The game between the Federal Reserve and the world’s financial markets has always been one that would be fairly familiar to someone from the North. Up the North, when anyone asks, “What part of Belfast are you from?” or “What school did you go to?” or whether “Yer man’s name is Mervyn or Seamus”, all is known, but never directly asked and never pinpointed exactly.

Sometimes the structure of an initial conversation in the North amounts to a weird ethnic GPS system – everyone plugs in the cultural coordinates and in no time, you’re home and dry without ever asking the question directly.

In his brilliant poem ‘Whatever you say, say nothing’, the late Seamus Heaney, summed up this form of communication and inquisition brilliantly. (It’s well worth watching his 1999 reading of the poem on Channel 4 News). As someone who is married to a Northerner, I can vouch for this strange form of relentless sectarian data mining.

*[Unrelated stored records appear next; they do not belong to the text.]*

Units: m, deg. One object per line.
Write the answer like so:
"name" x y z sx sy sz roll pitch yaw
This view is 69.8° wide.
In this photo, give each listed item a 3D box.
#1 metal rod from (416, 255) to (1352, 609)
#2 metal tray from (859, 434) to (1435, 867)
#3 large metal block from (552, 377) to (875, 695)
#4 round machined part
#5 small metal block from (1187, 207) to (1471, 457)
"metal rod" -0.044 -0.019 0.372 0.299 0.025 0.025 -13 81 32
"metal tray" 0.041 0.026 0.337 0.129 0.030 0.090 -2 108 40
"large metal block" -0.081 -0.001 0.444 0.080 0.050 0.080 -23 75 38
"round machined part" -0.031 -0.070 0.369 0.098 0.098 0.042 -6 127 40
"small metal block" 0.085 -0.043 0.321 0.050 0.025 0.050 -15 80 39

The ethnic GPS approach to conversation is a form of communication whereby we all know more or less what is being said, and who is saying what about whom – but we can never be direct about it.

In central banking there is a similar game that goes on between the financial markets and the central bank. (In fact, come to think about it, Seamus Heaney on the strength of that poem would have made a brilliant central banker!)

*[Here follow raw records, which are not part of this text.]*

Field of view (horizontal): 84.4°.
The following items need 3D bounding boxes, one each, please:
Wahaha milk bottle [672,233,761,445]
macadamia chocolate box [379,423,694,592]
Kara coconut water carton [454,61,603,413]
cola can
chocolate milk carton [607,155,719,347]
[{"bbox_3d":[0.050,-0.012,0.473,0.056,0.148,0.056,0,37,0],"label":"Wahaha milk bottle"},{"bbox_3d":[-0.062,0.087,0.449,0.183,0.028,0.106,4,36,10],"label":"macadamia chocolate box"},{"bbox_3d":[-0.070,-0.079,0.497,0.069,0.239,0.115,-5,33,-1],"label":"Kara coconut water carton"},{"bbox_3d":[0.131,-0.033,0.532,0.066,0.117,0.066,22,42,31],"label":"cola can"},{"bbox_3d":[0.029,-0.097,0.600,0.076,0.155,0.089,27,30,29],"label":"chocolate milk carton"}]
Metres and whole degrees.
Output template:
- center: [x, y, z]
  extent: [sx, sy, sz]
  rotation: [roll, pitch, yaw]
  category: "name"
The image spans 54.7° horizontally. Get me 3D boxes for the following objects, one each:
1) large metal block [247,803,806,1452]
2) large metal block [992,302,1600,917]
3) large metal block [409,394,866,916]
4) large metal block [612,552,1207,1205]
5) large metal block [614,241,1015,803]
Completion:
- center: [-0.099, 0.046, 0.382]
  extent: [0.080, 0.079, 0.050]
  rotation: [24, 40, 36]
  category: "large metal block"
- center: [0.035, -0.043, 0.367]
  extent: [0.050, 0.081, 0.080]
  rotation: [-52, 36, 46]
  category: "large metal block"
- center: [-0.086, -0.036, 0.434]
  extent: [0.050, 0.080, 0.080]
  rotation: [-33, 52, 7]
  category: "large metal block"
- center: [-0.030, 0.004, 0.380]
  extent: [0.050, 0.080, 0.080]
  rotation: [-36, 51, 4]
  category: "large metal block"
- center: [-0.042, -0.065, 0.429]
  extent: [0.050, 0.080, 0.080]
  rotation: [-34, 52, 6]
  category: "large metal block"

For years the central banker skirted around the issue, offering signs and smoke-signals, but never quite nailing his actual intentions. The financial markets plugged these hints, nods and winks into their economic GPS to come up with a route map spelling out where the stock-market or gold or bonds were likely to go.

Indeed, my own time in central banking was one large exercise in knowing stuff, but never saying it clearly. In this Delphic world, my former boss, the then governor of the Irish Central Bank once told me, “You wouldn’t want to explain that too much . . . for fear of frightening the horses.”

The expression ‘frightening the horses’ comes from the trial of that other giant of Irish literature, Oscar Wilde, and also involves another Irish Nobel prizewinner, George Bernard Shaw. During Wilde’s trial in 1895 when Victorian Britain was up in arms against gay men, a society actress, Mrs Pat Campbell, was asked by some Victorian prudes about what it is ‘those gay men do.’ She responded calmly, “I don’t care what affectionate people do, so long as they didn’t do it in the street and frighten the horses.”

The tolerant Campbell went on to be the first actress to play Eliza Doolittle, in George Bernard Shaw’s Pygmalion.

Frightening the horses implies offering too much information either in word or deed.

This week, Janet Yellen, in what I regard as a refreshingly honest Federal Reserve testimony, frightened the horses, and revealed too much about the Fed’s thought and deed.

Maybe Yellen could have entered the Heaneyesque world of nods and winks at her press conference, but she didn’t bother. She spoke openly and said she thought she would raise US interest rates in March next year. The horses scattered all over the pen and the markets sold bonds and stocks aggressively.

There was much talk about whether Yellen meant to mention March, or whether it was a slip of the tongue. But I think financial markets who have spent the past two decades being weaned on the mother’s milk of cheap interest rates, QE and other schemes – which link the fortunes of Wall Street to the Federal Reserve – do not yet understand that they are dealing with a different type of central banker in Yellen. She meant what she says.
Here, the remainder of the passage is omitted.